The main scheme for solving the difficult airway trachea cannula at present is a waking trachea cannula, which means that a patient receives the trachea cannula under the conditions of waking state and keeping spontaneous breathing, wherein common tools for the waking trachea cannula are a video laryngoscope, a soft mirror, various conduit cores and a bougie. Although the existing tool can effectively assist in completing the awake trachea cannula, failure rates exist, and particularly the failure rate of the first cannula is high. The study of Brian E.driver and the like shows that although the video laryngoscope combined conduit core and bougie can obviously improve the first intubation success rate of a patient with trachea intubation, the conduit core and bougie auxiliary tool is made of a plastic polymer (low density polyethylene) at present, the whole conduit core and bougie is softer, and the application of the conduit core and bougie is limited in difficult trachea intubation with certain anatomical and pathological abnormalities. Classical bougies are too flexible and their approach angle typically results in bending of the bougie tip into the glottis when using the bougie as a guide. Subsequent placement of the endotracheal tube can be difficult because the endotracheal tube tip encounters resistance at the level of the glottic junction, thereby folding the angle, and requires rotation or twisting of the endotracheal tube and increased intubation force to access the glottic opening (as shown in figure 6 a). The study also indicated that ideally, the axis of the bougie should be parallel to the tracheal main axis (as shown in figure 6B).
When the patient needs to be subjected to tracheal intubation under the guidance of the bougie, the bougie is firstly inserted into the trachea of the patient, the tracheal catheter is sleeved at the distal end of the bougie and guided into the trachea, the existing bougie is soft and also has a metal texture, the soft bougie is easy to be folded at the glottis of the patient, and when the hard bougie is used, the tracheal catheter cannot be sleeved at the incisors of the patient due to insufficient bending of the guide wire. For the cases where the epiglottis is not lifted due to anatomical abnormalities or diseases, the glottis is covered, and the clinical practice is to insert the tracheal tube blindly under the epiglottis, the success rate of intubation is reduced if the glottis cannot be seen.
Therefore, there is a need to provide a new visual guide bougie for a disposable difficult supraglottic airway endotracheal tube that solves the above mentioned technical problems.

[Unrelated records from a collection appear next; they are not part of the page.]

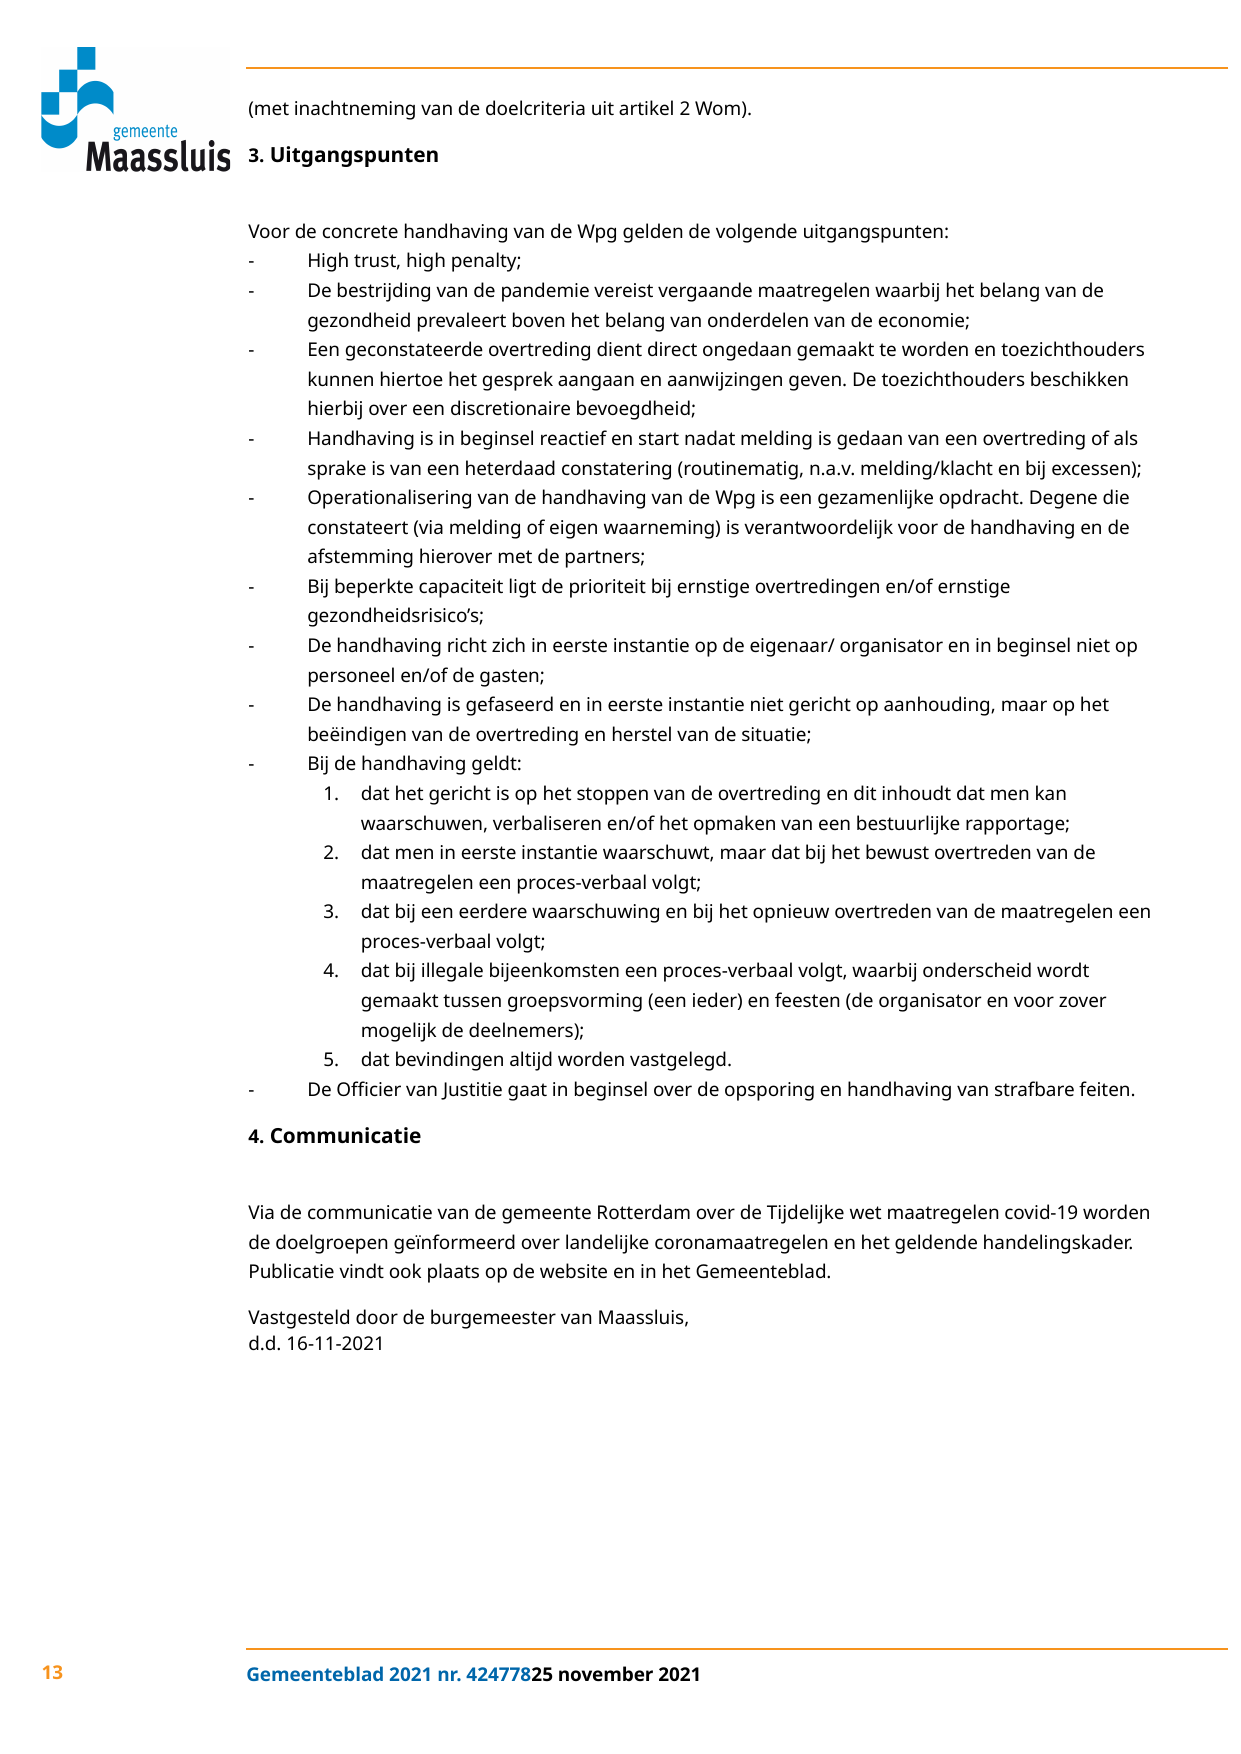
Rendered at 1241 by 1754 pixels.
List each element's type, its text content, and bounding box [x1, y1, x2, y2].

text d.d. 16-11-2021 [248, 1330, 1152, 1356]
text Voor de concrete handhaving van de Wpg gelden de volgende uitgangspunten: [248, 218, 1152, 244]
picture [41, 47, 231, 172]
list dat men in eerste instantie waarschuwt, maar dat bij het bewust overtreden van de maatregelen een proces-verbaal volgt; [323, 839, 1152, 895]
list De Officier van Justitie gaat in beginsel over de opsporing en handhaving van strafbare feiten. [248, 1076, 1152, 1102]
list De handhaving is gefaseerd en in eerste instantie niet gericht op aanhouding, maar op het beëindigen van de overtreding en herstel van de situatie; [248, 691, 1152, 747]
list dat het gericht is op het stoppen van de overtreding en dit inhoudt dat men kan waarschuwen, verbaliseren en/of het opmaken van een bestuurlijke rapportage; [323, 780, 1152, 836]
text Vastgesteld door de burgemeester van Maassluis, [248, 1304, 1152, 1330]
list Een geconstateerde overtreding dient direct ongedaan gemaakt te worden en toezichthouders kunnen hiertoe het gesprek aangaan en aanwijzingen geven. De toezichthouders beschikken hierbij over een discretionaire bevoegdheid; [248, 336, 1152, 421]
list High trust, high penalty; [248, 248, 1152, 273]
text Via de communicatie van de gemeente Rotterdam over de Tijdelijke wet maatregelen covid-19 worden de doelgroepen geïnformeerd over landelijke coronamaatregelen en het geldende handelingskader. Publicatie vindt ook plaats op de website en in het Gemeenteblad. [248, 1199, 1152, 1284]
text (met inachtneming van de doelcriteria uit artikel 2 Wom). [248, 95, 1152, 121]
list dat bij een eerdere waarschuwing en bij het opnieuw overtreden van de maatregelen een proces-verbaal volgt; [323, 898, 1152, 954]
list De bestrijding van de pandemie vereist vergaande maatregelen waarbij het belang van de gezondheid prevaleert boven het belang van onderdelen van de economie; [248, 277, 1152, 333]
picture [41, 47, 77, 92]
list Handhaving is in beginsel reactief en start nadat melding is gedaan van een overtreding of als sprake is van een heterdaad constatering (routinematig, n.a.v. melding/klacht en bij excessen); [248, 425, 1152, 481]
list De handhaving richt zich in eerste instantie op de eigenaar/ organisator en in beginsel niet op personeel en/of de gasten; [248, 632, 1152, 688]
list Bij de handhaving geldt: [248, 751, 1152, 776]
list Bij beperkte capaciteit ligt de prioriteit bij ernstige overtredingen en/of ernstige gezondheidsrisico’s; [248, 573, 1152, 628]
text 4. Communicatie [248, 1122, 1152, 1150]
list Operationalisering van de handhaving van de Wpg is een gezamenlijke opdracht. Degene die constateert (via melding of eigen waarneming) is verantwoordelijk voor de handhaving en de afstemming hierover met de partners; [248, 484, 1152, 569]
text 3. Uitgangspunten [248, 140, 1152, 169]
list dat bevindingen altijd worden vastgelegd. [323, 1046, 1152, 1072]
list dat bij illegale bijeenkomsten een proces-verbaal volgt, waarbij onderscheid wordt gemaakt tussen groepsvorming (een ieder) en feesten (de organisator en voor zover mogelijk de deelnemers); [323, 958, 1152, 1043]

Disclosure of utility model
The utility model solves the technical problems of providing a disposable visual guide bougie for a trachea cannula of an upper airway of a glottis, solving the problems of insufficient length of a trachea cannula guide wire, too soft of a bronchoscope, too thick of a hard scope and poor visual field of bleeding of an airway in the existing difficult airway treatment technology, and the existing guide wire is soft as a whole, not partitioned and not moderate in hardness, and provides a solution for complex difficult airway cannulas such as incapacitation of the glottis and fracture of the trachea.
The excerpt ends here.